-------- Supplied material

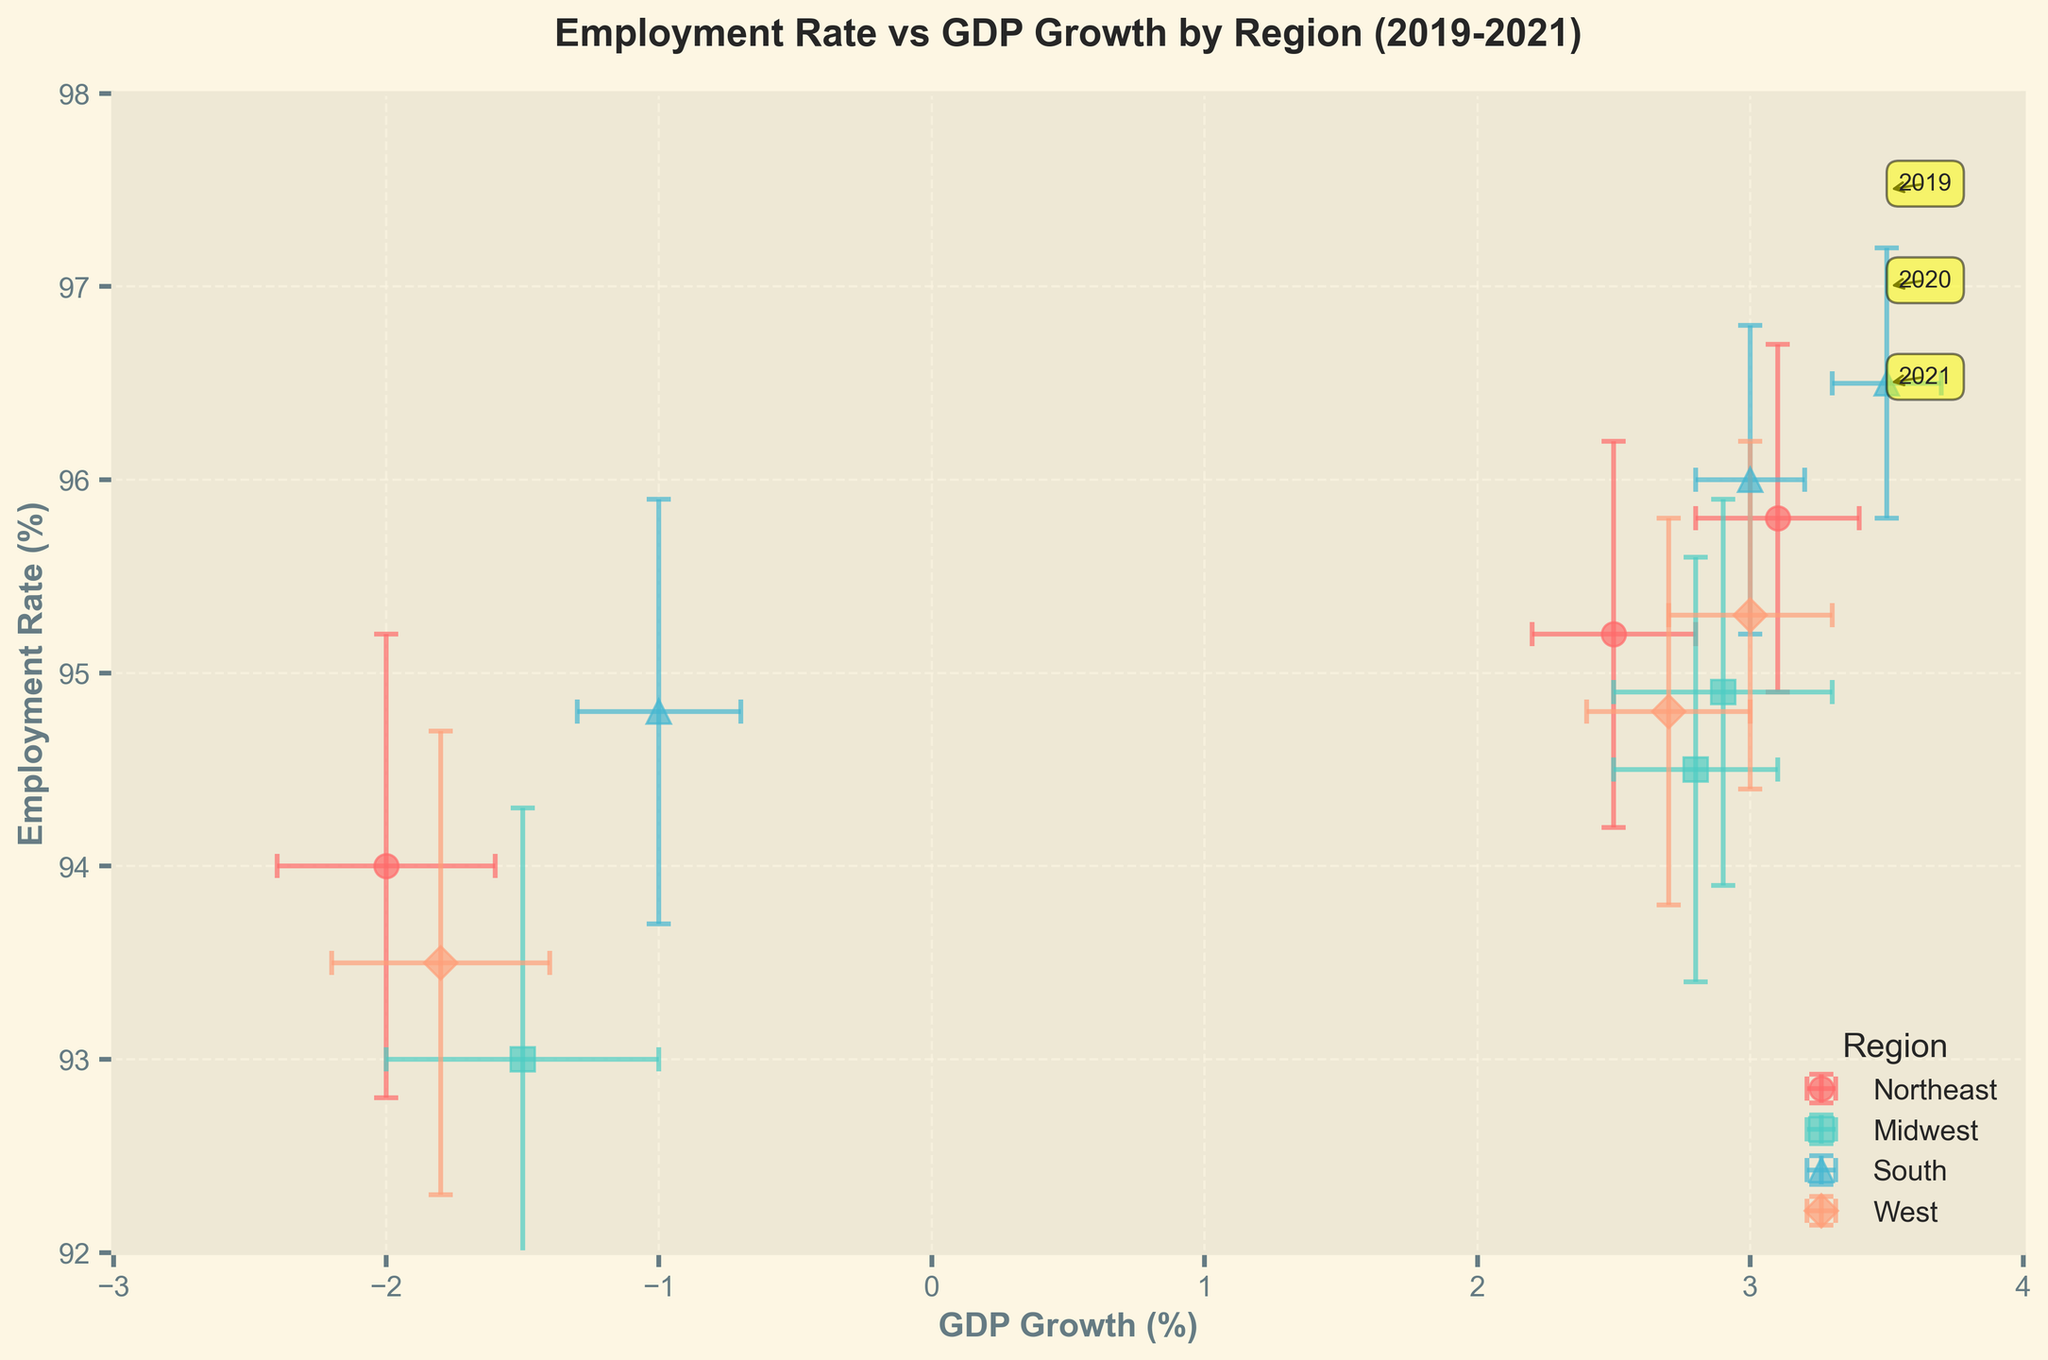What regions are represented in the scatter plot? The scatter plot uses different colors and markers to denote various regions. The legend indicates that the regions are Northeast, Midwest, South, and West.
Answer: Northeast, Midwest, South, West What is the main title of the scatter plot? The title of the scatter plot is shown at the top of the figure. It reads: "Employment Rate vs GDP Growth by Region (2019-2021)."
Answer: Employment Rate vs GDP Growth by Region (2019-2021) Which region shows the highest Employment Rate in 2021? By looking at the y-axis for Employment Rate and noting the labeled points, the South region shows the highest Employment Rate in 2021 with a rate of 96.5%.
Answer: South Which year shows a negative GDP Growth in all regions? All data points for 2020 show negative values on the x-axis, indicating negative GDP Growth for all regions in that year.
Answer: 2020 What is the average Employment Rate for the West region across the years 2019, 2020, and 2021? The Employment Rates for the West region are 94.8%, 93.5%, and 95.3% for the years 2019, 2020, and 2021, respectively. Calculating the average: (94.8 + 93.5 + 95.3) / 3 = 94.53%.
Answer: 94.53% Which region experienced the largest decline in Employment Rate from 2019 to 2020? The Employment Rates for 2019 and 2020 in each region are: Northeast (95.2 to 94.0), Midwest (94.5 to 93.0), South (96.0 to 94.8), and West (94.8 to 93.5). The largest decline is seen in the Midwest from 94.5 to 93.0, which is a decline of 1.5%.
Answer: Midwest How does the Employment Rate of the Northeast in 2020 compare to its Employment Rate in 2021? The Employment Rate of the Northeast in 2020 is 94.0% and in 2021 it is 95.8%. It increased by 1.8% from 2020 to 2021.
Answer: Increased by 1.8% What is the relationship between GDP Growth and Employment Rate for the South region in 2021? On the scatter plot, the South region in 2021 has a GDP Growth of 3.5% and an Employment Rate of 96.5%. Both metrics are high compared to other regions and years.
Answer: Both high Does any region have an Employment Rate error greater than 1.0 in 2021? By observing the error bars for each region in 2021 and their corresponding labels, no region in 2021 has an Employment Rate error exceeding 1.0 as all error bars are equal to or less than 1.0.
Answer: No Which region had consistent GDP Growth and Employment Rates with low variability as indicated by smaller error bars? By comparing the size of the error bars in the scatter plot, the South region consistently has among the smallest error bars for both GDP Growth and Employment Rates across all years, indicating low variability.
Answer: South

----------------

# Your objective:
Collect every line with the string "Rates" from the records, and copy each.

# Exercise output:
Answer: 2020 What is the average Employment Rate for the West region across the years 2019, 2020, and 2021? The Employment Rates for the West region are 94.8%, 93.5%, and 95.3% for the years 2019, 2020, and 2021, respectively. Calculating the average: (94.8 + 93.5 + 95.3) / 3 = 94.53%.
Answer: 94.53% Which region experienced the largest decline in Employment Rate from 2019 to 2020? The Employment Rates for 2019 and 2020 in each region are: Northeast (95.2 to 94.0), Midwest (94.5 to 93.0), South (96.0 to 94.8), and West (94.8 to 93.5). The largest decline is seen in the Midwest from 94.5 to 93.0, which is a decline of 1.5%.
Answer: No Which region had consistent GDP Growth and Employment Rates with low variability as indicated by smaller error bars? By comparing the size of the error bars in the scatter plot, the South region consistently has among the smallest error bars for both GDP Growth and Employment Rates across all years, indicating low variability.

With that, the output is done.